As long as I have had Raina she has had issues with her skin. Everytime she starts scratching I treat her for mites and shes fine for so long. Well this time she has scratched herself raw. I have treat her for mites so fingers crossed it clears up. I wonder if there is something I can safely put on her to soothe her. Also I am starting to wonder is a change in food would make a difference? She is currently on pets at home stuff with the peanuts and sunflower seeds picked out.
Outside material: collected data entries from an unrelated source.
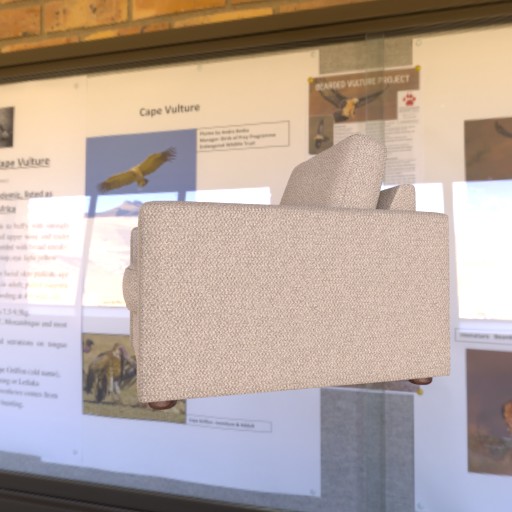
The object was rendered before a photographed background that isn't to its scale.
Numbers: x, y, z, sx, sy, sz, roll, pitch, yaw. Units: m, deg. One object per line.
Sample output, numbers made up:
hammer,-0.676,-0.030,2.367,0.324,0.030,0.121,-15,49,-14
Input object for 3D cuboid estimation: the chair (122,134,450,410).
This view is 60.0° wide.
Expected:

Her cage mate Katie is fine and always has been....


----------



## zany_toon (Jan 30, 2009)

There are a few of us on a mouse forum I'm on (including me  ) with the same problem just now. If you are wanting to try an exclusion diet you can, start with something like plain oats for a fortnight, then add one other food. Add a new food once every fortnight and if it sets her starting again remove the most recently added food. It would mean though that you will need to make your own mix - it could be that if it is an allergy to one of the foods in the mix that even one food being in contact with the allergen could set her off again. What have you tried to treat her with other mite treatments? Have you tried things like tea tree cream or aloe vera? There are also fungal treatments in the form of liquids from the vet on prescription (like surolan) and hormonal treatments - a few of my girls have had issues with this and a hormone tablet called Ovarid (again prescription only) has stopped them scratching although they still haven't grown their fur back. Creams can attract their attention to the area causing them to scratch more so it is a bit of a fine line to tread but you may need to try everything. With my males I have found that athlete's foot powder (was advised to do this by the vet) has done wonders for 2 out of 3 affected by the OCD scratching. I have PMd you a forum address but here is what I posted about my own mice on another forum. Do they look similar to what is happening with Raina? (Note that the meeces below are all boys, all my girls responded to a hormone treatment, none of the boys did but you could try athlete''s foot powder then contact the vet about trying something else if you wanted. It might be worth asking the vet what they think though, especially if Raina has had the problem on and off the whole time you've had her.)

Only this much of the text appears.